Avoid Making Assumptions About the Harmfulness of Language

As a senior editor at a scientific journal specializing in addiction and drug policy, I often find myself mediating heated debates among reviewers, authors, editors, and readers. Surprisingly, these arguments revolve not around research methods or empirical data, but around the terminology used to describe vulnerable groups. The field of addiction and drug policy has a long history of feuds over language, with disagreements over whether terms like “vagrants” or “bums” should be replaced with more respectful alternatives like “homeless people,” “people who are homeless,” “unsheltered persons,” or “persons with lived experience of being unhoused.” These linguistic battles extend beyond academia, permeating politics, journalism, education, workplaces, and even family conversations. When even well-intentioned individuals fail to reach a consensus on which words perpetuate social injustice and harm, these debates can become emotionally bruising.

Fortunately, some arguments eventually resolve themselves as pejorative terms like “crackhead” and “junkie” naturally fade away from public discourse. Scholars and practitioners in addiction research and treatment understand the detrimental impact of negative language on public attitudes towards individuals with substance use disorders. However, it is crucial to approach claims about the harmfulness of specific terms as hypotheses until they are proven as factual. When confronted with assertions that a particular term causes harm or that only one specific term is respectful, a fair-minded individual’s response should be, “What evidence supports this claim?”

Of course, when someone clearly expresses their preferred description, their wishes should be respected without the need for empirical validation. In certain cases, honoring individuals’ self-conception may involve tolerating language that well-meaning outsiders perceive as direct, impolite, or even destructive. For example, some experts in my field argue that individuals in recovery should avoid labeling themselves as “addicts” or “alcoholics” to prevent potential stigmatization. However, these terms are widely embraced by participants in 12-step programs. Scientists and clinicians must demonstrate respect for people’s humanity, including their right to speak for themselves and define their own identities.
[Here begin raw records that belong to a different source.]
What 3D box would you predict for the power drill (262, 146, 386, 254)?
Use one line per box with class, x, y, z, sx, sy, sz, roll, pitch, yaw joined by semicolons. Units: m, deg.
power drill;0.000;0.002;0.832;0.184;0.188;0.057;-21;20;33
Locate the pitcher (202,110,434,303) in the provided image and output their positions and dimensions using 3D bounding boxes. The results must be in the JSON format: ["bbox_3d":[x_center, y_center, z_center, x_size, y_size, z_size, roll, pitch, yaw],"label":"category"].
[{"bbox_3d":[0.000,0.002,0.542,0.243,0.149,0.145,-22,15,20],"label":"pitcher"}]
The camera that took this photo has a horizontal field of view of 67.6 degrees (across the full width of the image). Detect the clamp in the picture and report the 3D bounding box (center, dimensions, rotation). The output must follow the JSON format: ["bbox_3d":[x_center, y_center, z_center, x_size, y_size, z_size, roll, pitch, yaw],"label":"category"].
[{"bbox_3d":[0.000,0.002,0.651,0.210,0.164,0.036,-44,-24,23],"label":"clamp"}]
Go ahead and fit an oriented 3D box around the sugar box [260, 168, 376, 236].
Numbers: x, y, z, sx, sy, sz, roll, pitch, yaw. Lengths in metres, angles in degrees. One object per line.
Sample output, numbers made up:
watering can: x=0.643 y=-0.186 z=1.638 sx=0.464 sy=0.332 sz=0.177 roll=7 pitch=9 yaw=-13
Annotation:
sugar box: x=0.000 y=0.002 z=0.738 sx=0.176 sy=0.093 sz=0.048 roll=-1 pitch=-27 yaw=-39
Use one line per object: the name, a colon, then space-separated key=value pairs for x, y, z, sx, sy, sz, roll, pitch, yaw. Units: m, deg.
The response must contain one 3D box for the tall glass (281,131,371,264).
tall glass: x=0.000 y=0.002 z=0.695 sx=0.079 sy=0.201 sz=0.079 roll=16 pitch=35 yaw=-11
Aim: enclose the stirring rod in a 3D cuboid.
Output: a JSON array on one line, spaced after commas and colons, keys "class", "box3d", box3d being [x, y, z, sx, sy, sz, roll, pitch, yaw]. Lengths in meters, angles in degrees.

While it may seem resistant to change, requesting evidence for the harmfulness of a term is a reasonable approach. Considerable evidence regarding the effects of terminology exists to guide us, justifying linguistic shifts in specific cases. For instance, one study in my field revealed that describing an individual as a “substance abuser” rather than someone “having a substance-use disorder” increases the likelihood of perceiving them as a safety threat deserving punishment. Certain terms are unquestionably harmful, as demonstrated by empirical research.

However, many claims regarding the harmfulness or virtue of individual terms lack clear evidence, demanding humility when making generalizations. The strongest argument for the tolerance of varied terminology lies in the diversity of preferences among different groups. One day, a white American colleague reprimanded me for using the apparently demeaning term “elder” when discussing drug overdoses among Medicare recipients. Shortly after, during a Zoom call, Indigenous Canadian colleagues repeatedly utilized the same term as a sign of respect for the oldest members of their community. Similarly, during my clinical training as a psychologist, I was advised (without evidence) to avoid using the term “patient” and exclusively use “client” in mental health care. However, surveys indicate a lack of consensus among people seeking care, with preferences varying depending on the healthcare professional. Acceptance of alternative terms, such as “service users,” “people who use services,” and “consumers,” varies significantly. In essence, there is no universally perfect term, as individuals with the same condition routinely differ in their preferred labels.

Ironically, the attempt to promote equity through new terminology sometimes overlooks individual and cultural diversity. Many academics in the United States quickly adopted the term “Latinx” as an inclusive, gender-neutral alternative to “Hispanic” or “Latino.” However, this neologism bemuses or annoys some individuals of Latin American descent, and survey data suggests that few identify with it. The impact of other language aimed at reducing social stigma remains uncertain. While “homeless” has fallen out of favor in some circles, it has yet to be established whether individuals without reliable shelter benefit from or prefer terms like “unhoused” or “houseless.” Good intentions can often lead to cumbersome terms that eventually become abbreviated into acronyms. For instance, “person with alcohol-use disorder” may possess some humanizing potential, but shortening it to “PWAUD,” as seen in academic papers, remains a matter of conjecture regarding its desired effect.

Denouncing others’ terminology as harmful and demanding the adoption of one’s own can be an intoxicating endeavor, making empirical testing of these disputes seem somewhat mundane. However, making judgments in a rigorous, evidence-based manner prevents experts, policymakers, and the general public from becoming entangled in facile word arguments. Our focus should be on tackling substantial social problems rather than simply debating semantics. Embracing a shared commitment to evidence provides a path to resolve contentious disagreements, while also offering opportunities for growth and improvement when harm has been inadvertently caused.